• EXERCISE DESCRIPTION: Your answer must be an exact copy of the entries below, with no pictures in it.

• PROVIDED RECORDS:
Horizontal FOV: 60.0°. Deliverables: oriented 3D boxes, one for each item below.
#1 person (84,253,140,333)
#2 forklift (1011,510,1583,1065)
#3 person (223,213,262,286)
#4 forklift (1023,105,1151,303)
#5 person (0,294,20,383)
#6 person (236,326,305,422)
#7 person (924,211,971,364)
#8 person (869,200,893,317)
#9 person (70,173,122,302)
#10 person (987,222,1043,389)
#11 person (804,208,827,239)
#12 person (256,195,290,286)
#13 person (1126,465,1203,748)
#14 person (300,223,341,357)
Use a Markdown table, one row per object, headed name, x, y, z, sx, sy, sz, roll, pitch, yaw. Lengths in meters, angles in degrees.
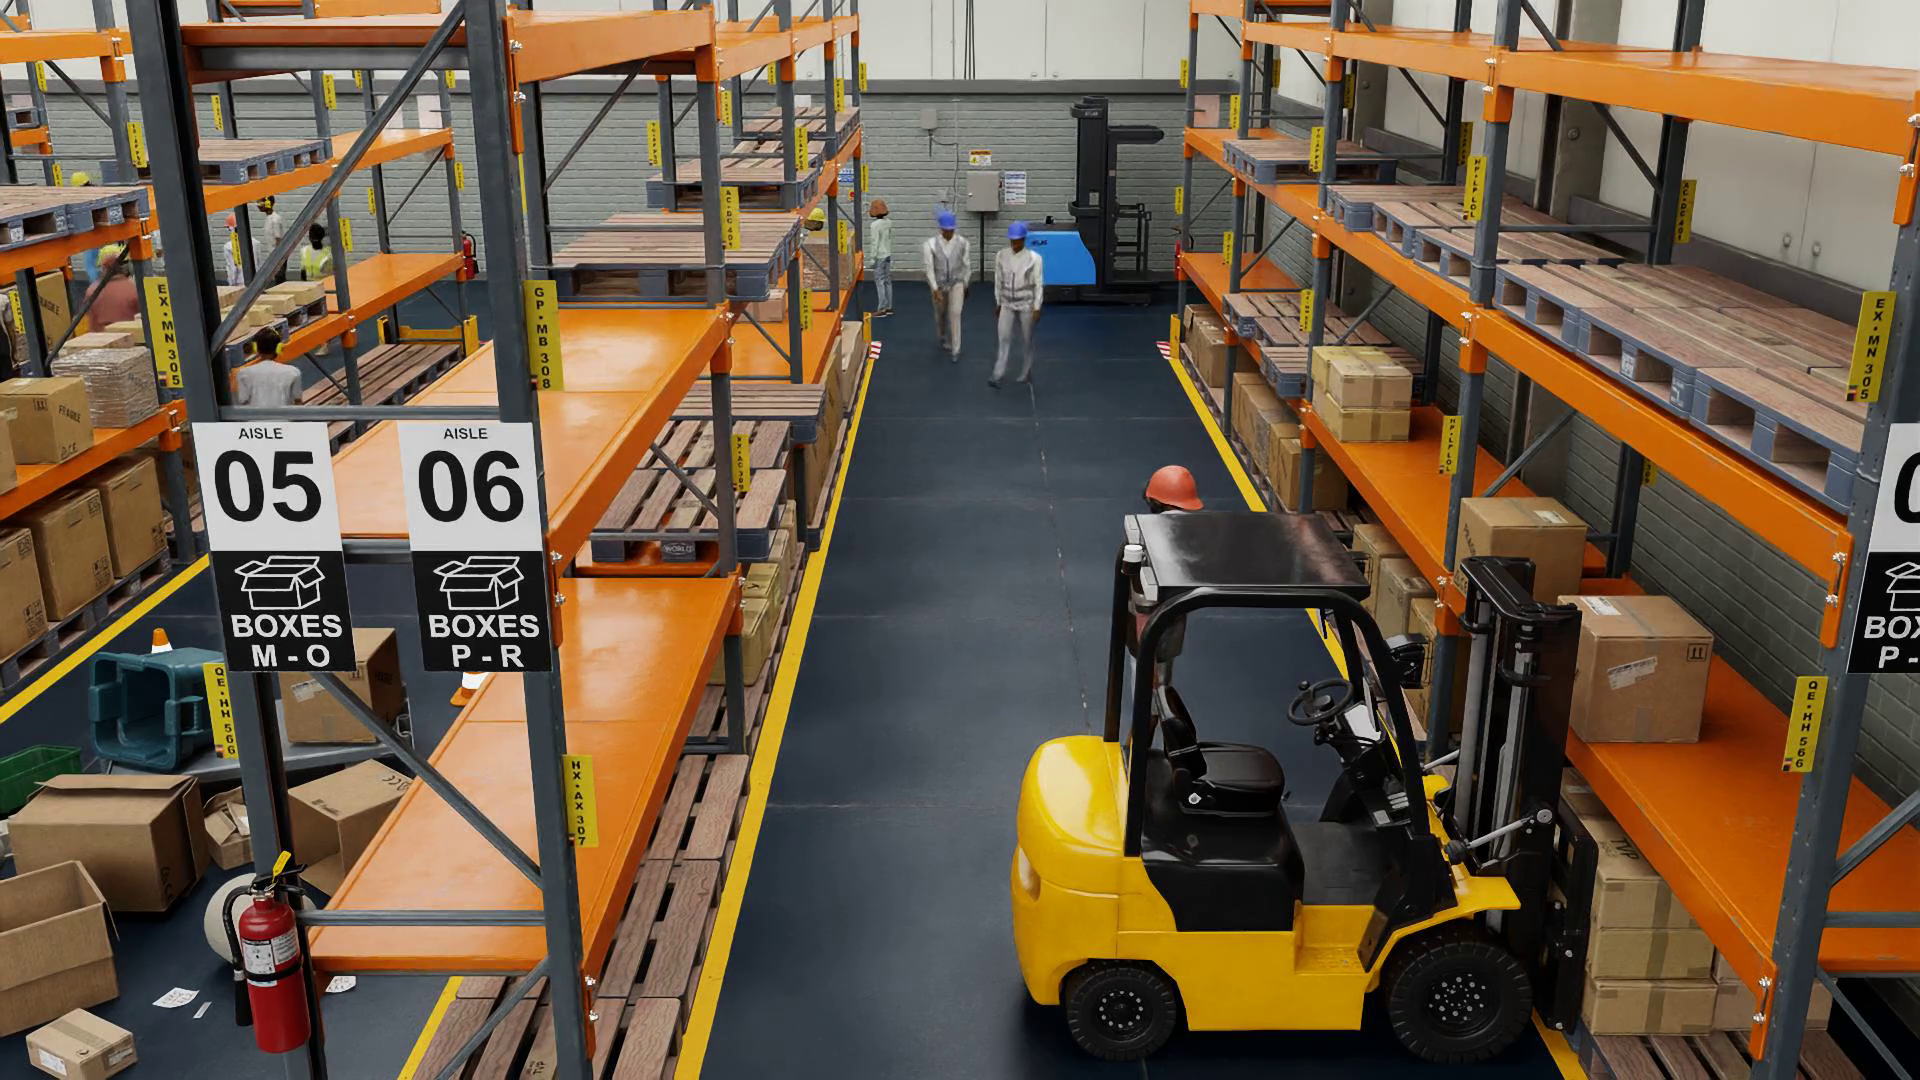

• PROBLEM SOLUTION:
Horizontal FOV: 60.0°. Deliverables: oriented 3D boxes, one for each item below.
#1 person (84,253,140,333)
#2 forklift (1011,510,1583,1065)
#3 person (223,213,262,286)
#4 forklift (1023,105,1151,303)
#5 person (0,294,20,383)
#6 person (236,326,305,422)
#7 person (924,211,971,364)
#8 person (869,200,893,317)
#9 person (70,173,122,302)
#10 person (987,222,1043,389)
#11 person (804,208,827,239)
#12 person (256,195,290,286)
#13 person (1126,465,1203,748)
#14 person (300,223,341,357)
Use a Markdown table, one row per object, headed name, x, y, z, sx, sy, sz, roll, pitch, yaw. Lengths in meters, angles in degrees.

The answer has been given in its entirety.